(Dataset entries)
■ ■ ■ ■ ■ ■ ■

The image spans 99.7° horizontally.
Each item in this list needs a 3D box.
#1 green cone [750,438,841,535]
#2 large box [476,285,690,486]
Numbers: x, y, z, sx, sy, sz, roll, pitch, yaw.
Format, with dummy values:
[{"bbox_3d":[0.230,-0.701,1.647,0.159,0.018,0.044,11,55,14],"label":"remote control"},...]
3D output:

■ ■ ■ ■ ■ ■ ■

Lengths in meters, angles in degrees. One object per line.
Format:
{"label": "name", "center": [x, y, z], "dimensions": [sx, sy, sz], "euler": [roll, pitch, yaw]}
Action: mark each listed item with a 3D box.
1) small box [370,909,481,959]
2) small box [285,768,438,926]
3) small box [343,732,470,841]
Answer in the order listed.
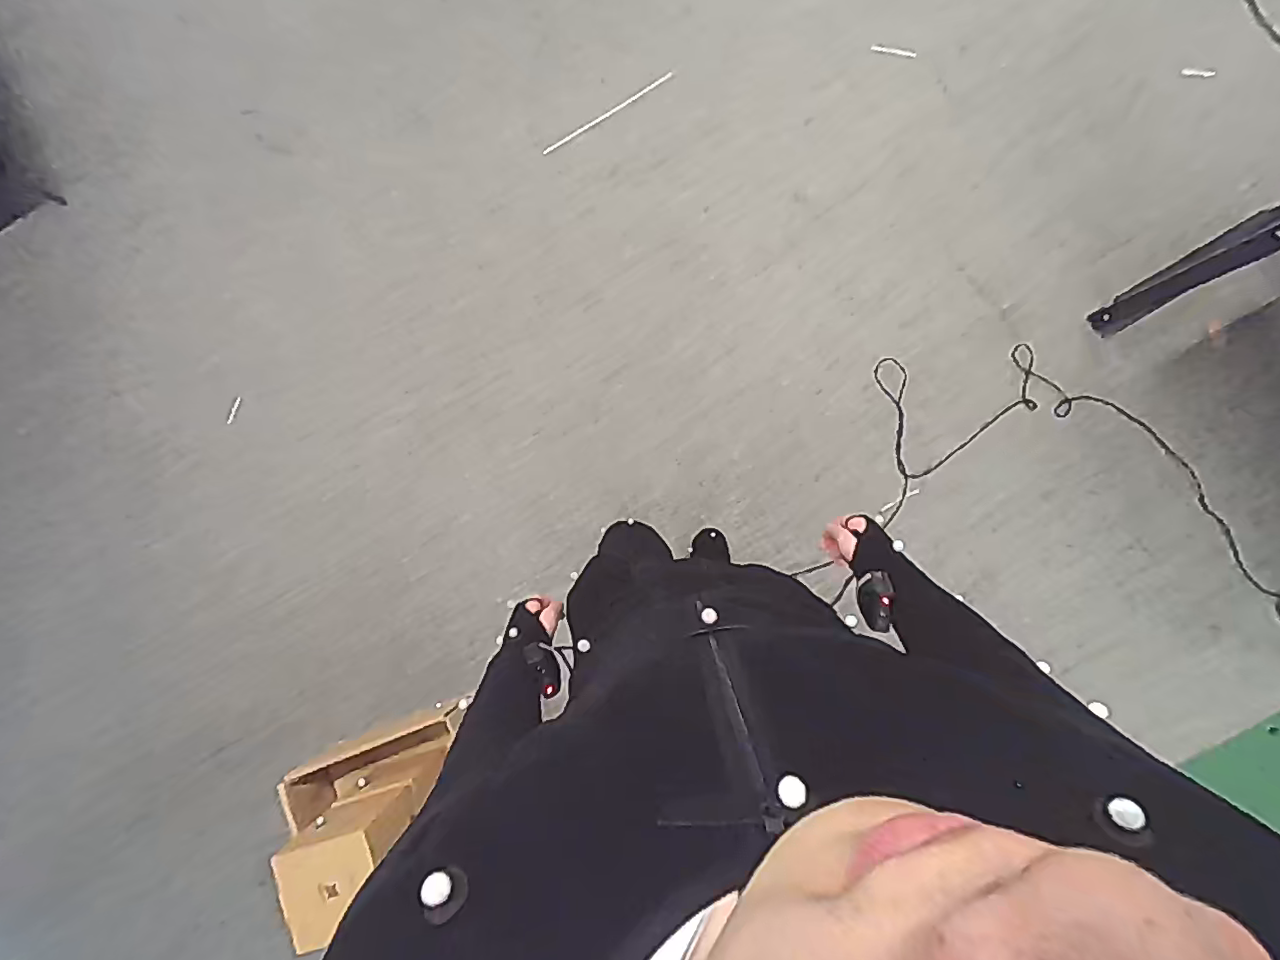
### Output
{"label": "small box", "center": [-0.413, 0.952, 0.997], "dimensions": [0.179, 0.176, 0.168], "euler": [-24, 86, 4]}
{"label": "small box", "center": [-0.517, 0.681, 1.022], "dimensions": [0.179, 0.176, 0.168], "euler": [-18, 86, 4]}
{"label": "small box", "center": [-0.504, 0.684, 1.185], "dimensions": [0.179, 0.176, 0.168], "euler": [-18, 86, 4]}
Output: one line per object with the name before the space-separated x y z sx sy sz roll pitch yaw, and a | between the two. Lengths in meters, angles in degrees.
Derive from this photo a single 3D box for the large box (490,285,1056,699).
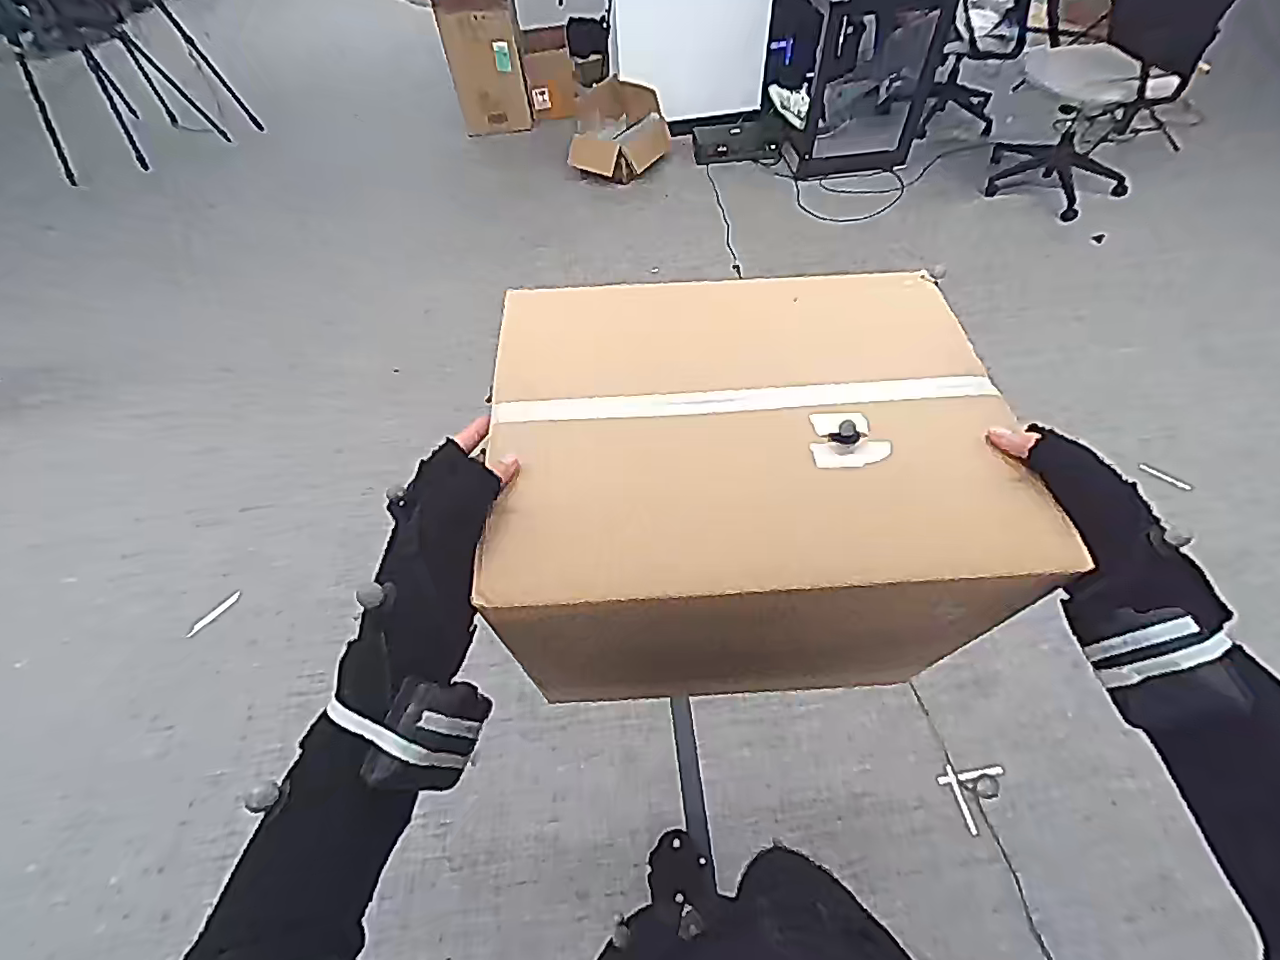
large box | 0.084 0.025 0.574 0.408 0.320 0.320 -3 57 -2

■ ■ ■ ■ ■ ■ ■

# Exercise
A single number is the whole answer: the tally of lines in the entries that hold "pitch".

# Exercise result
3